Unfortunately, I do not understand galactic coordinates, but this diagram from Wikipedia (https://en.wikipedia.org/wiki/Fast_radio_burst#/media/File:CHIME-FRBcatalog1.jpg) seems to show the concentration of bursts in a certain area, although this article says there is no reference to the plane of the Milky Way.

It's an equal-area projection of the sky. You're looking towards the centre of the galaxy, edge-on, with the 0th latitude being the plane of the Galaxy.
The only concentration I see is the one associated with exposure times - you catch more events where you look at longer.

If these are extragalactic objects, then it is obvious that they should not be in the plane of the galaxy, since the galaxy itself will screen the radiation.

I don't think it's obvious at all. The interstellar medium may screen all of it, some of it, none of it, or not enough to matter. You'd have to quantify this before basing an argument on it.

 

[Klystron]

FRBs make the worst RADAR pulses. Chirps, sweeps, and bursts of spaced pulses are much better suited for RADAR, since they allow lower power to be used, with an improved signal-to-noise ratio.

[bolding added]

This important distinction bears repeating. Pulsed RADAR systems operate optimally at low power, to improve signal-to-noise-ration (SNR) but also to minimize clutter returns and generated RF interference. RAdio Detection And Ranging implies not just artificial source but a use scenario such as detecting objects at certain size ranges at predetermined distances.

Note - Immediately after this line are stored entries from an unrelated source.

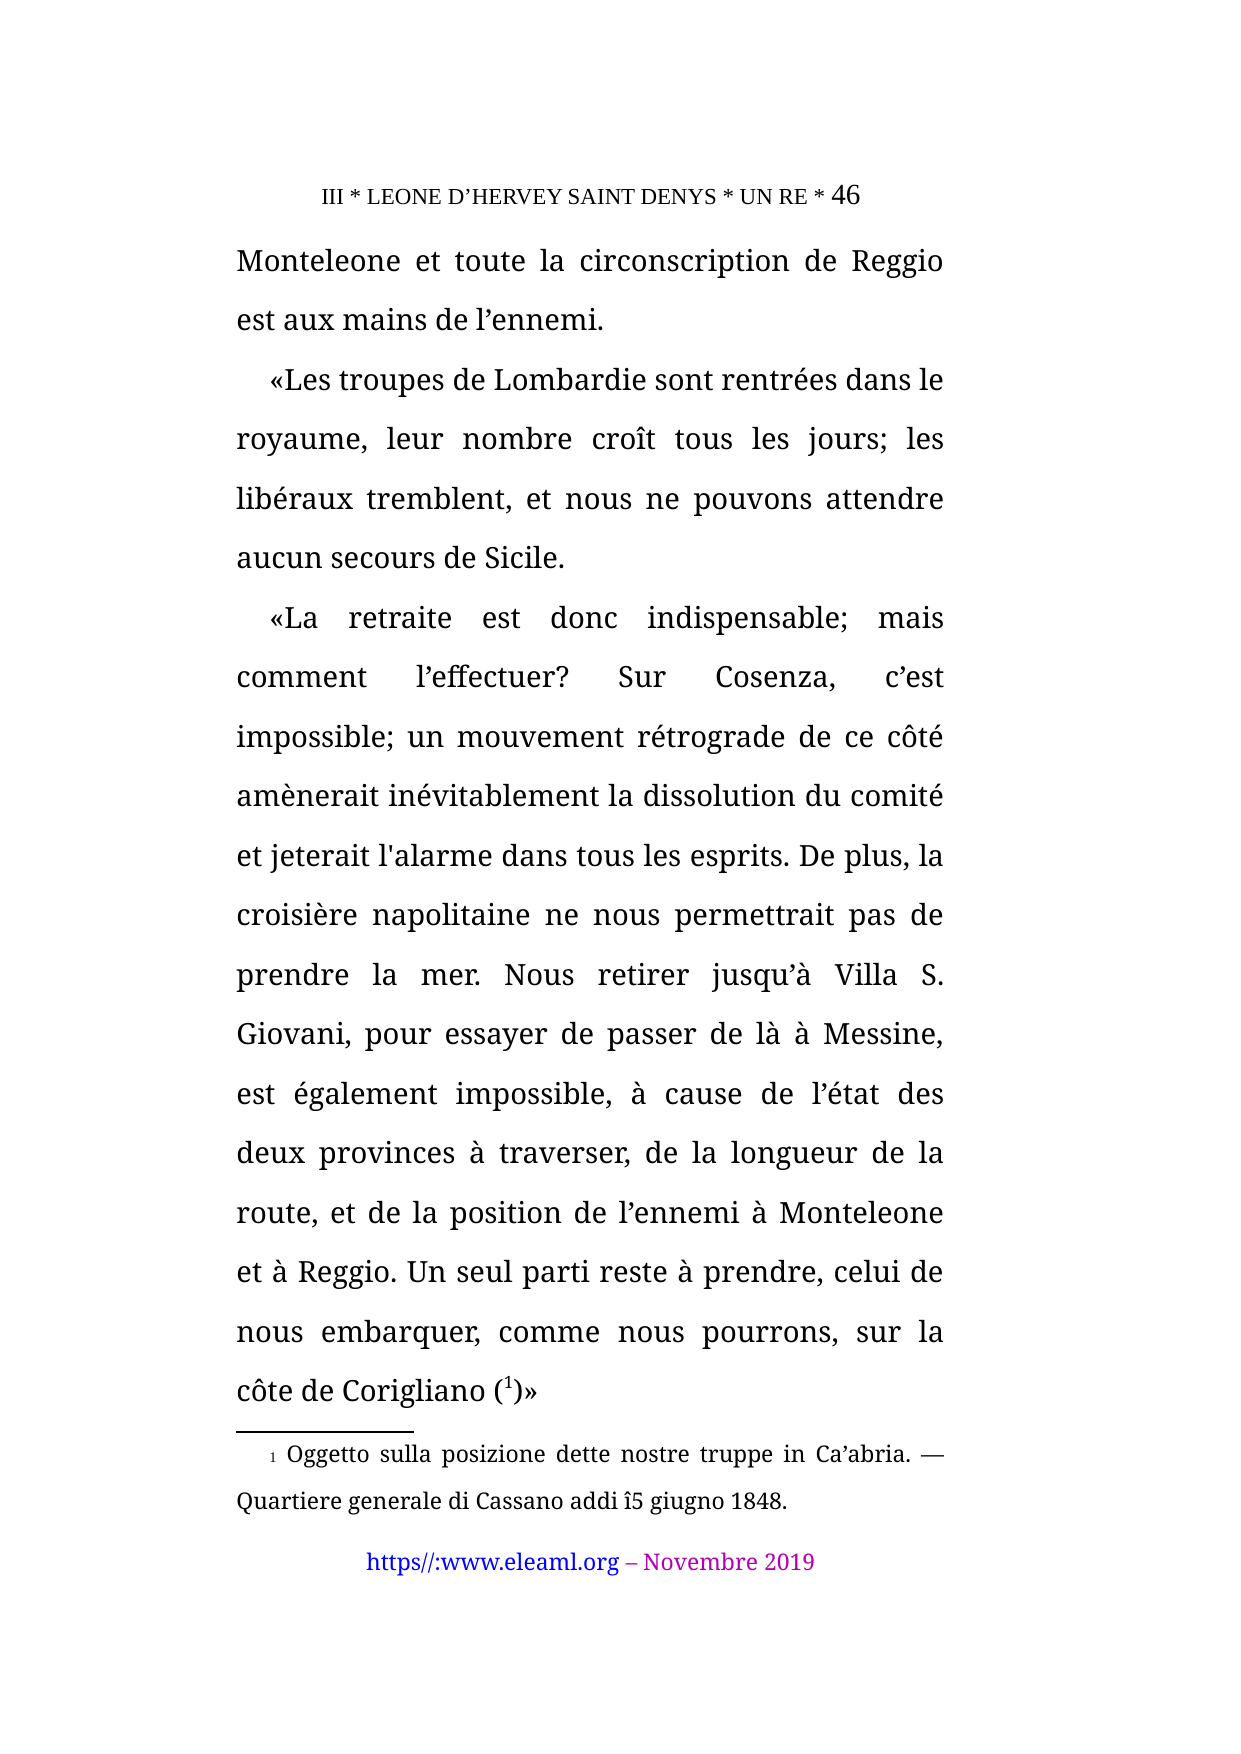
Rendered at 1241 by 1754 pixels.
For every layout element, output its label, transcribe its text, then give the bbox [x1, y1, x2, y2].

text Monteleone et toute la circonscription de Reggio est aux mains de l’ennemi. [236, 240, 945, 339]
text Oggetto sulla posizione dette nostre truppe in Ca’abria. —Quartiere generale di Cassano addi î5 giugno 1848. [236, 1438, 945, 1516]
text «La retraite est donc indispensable; mais comment l’effectuer? Sur Cosenza, c’est impossible; un mouvement rétrograde de ce côté amènerait inévitablement la dissolution du comité et jeterait l'alarme dans tous les esprits. De plus, la croisière napolitaine ne nous permettrait pas de prendre la mer. Nous retirer jusqu’à Villa S. Giovani, pour essayer de passer de là à Messine, est également impossible, à cause de l’état des deux provinces à traverser, de la longueur de la route, et de la position de l’ennemi à Monteleone et à Reggio. Un seul parti reste à prendre, celui de nous embarquer, comme nous pourrons, sur la côte de Corigliano ()» [236, 597, 945, 1410]
text «Les troupes de Lombardie sont rentrées dans le royaume, leur nombre croît tous les jours; les libéraux tremblent, et nous ne pouvons attendre aucun secours de Sicile. [236, 359, 945, 577]
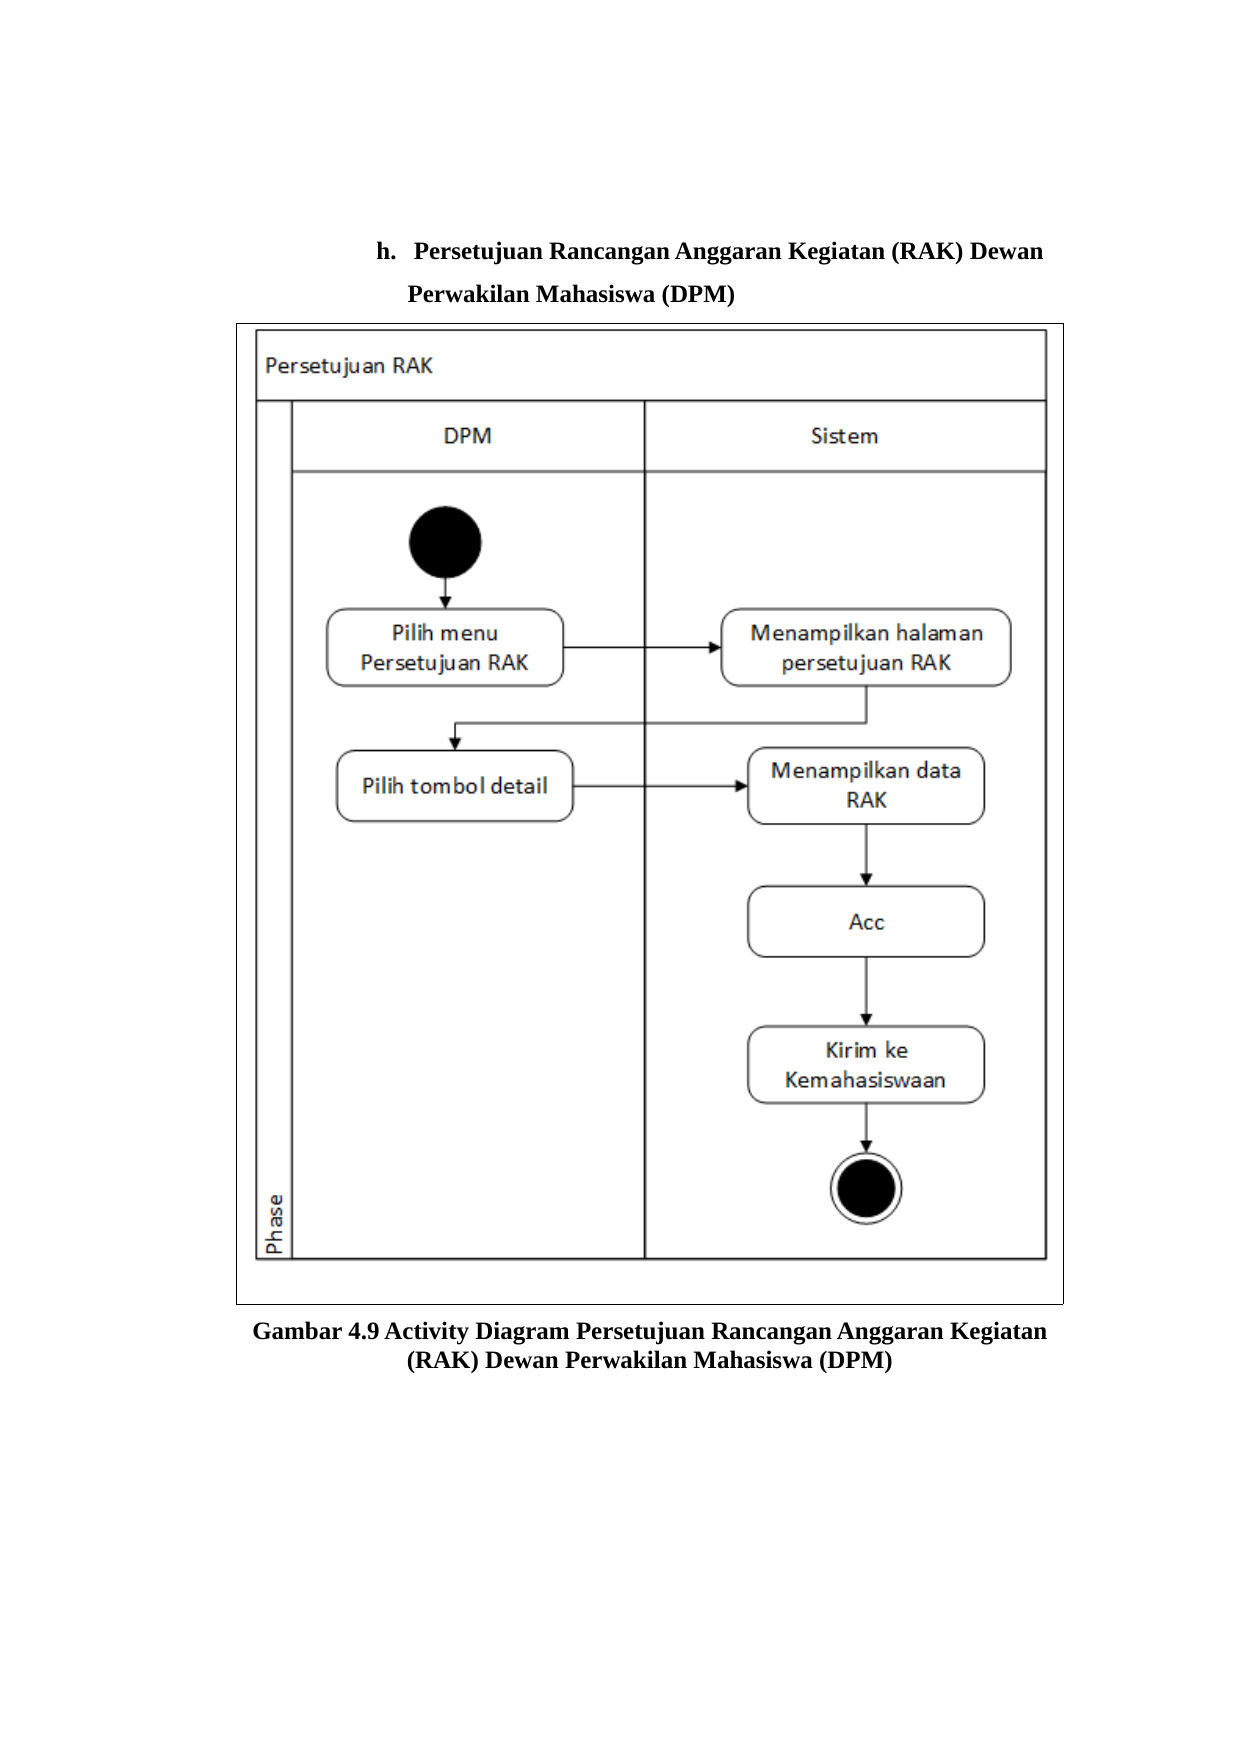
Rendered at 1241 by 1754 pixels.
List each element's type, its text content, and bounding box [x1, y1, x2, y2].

text Gambar 4.9 Activity Diagram Persetujuan Rancangan Anggaran Kegiatan (RAK) Dewan Perwakilan Mahasiswa (DPM) [236, 1316, 1063, 1374]
picture [251, 328, 1048, 1269]
list Persetujuan Rancangan Anggaran Kegiatan (RAK) Dewan Perwakilan Mahasiswa (DPM) [376, 236, 1063, 308]
table_header [237, 324, 1063, 1303]

Pulsed RADAR system wavelengths are selected to detect objects in expected size ranges such as spacecraft or asteroids. Examining wavelengths of suspected alien pulses could provide rough estimates of expected target dimensions.

Artificial pulse duration and repetition rates provide rough estimates of expected target velocity and persistence; that is, how long operators expect an object to be illuminated. A suspect RF signal that exhibits pulse characteristics that vary significantly from expected natural sources might elicit further examination.

Articial RADAR pulses often contain additional encoded information riding a primary signal, not expected in natural RF sources. Similar observations apply across the EM spectrum as the OP mentions, including visible light and infrared. A different but related question becomes how we use natural RF sources to illuminate, detect and track other objects in space.

 

[Mork728]

If every transmission from a radio source was transmitted temporally, the resolt would be picked up a "noise" because of wave compression.

 

[berkeman]

If every transmission from a radio source was transmitted temporally, the resolt would be picked up a "noise" because of wave compression.

I'm not understanding what you are trying to say. Can you please try again with more details? Thanks.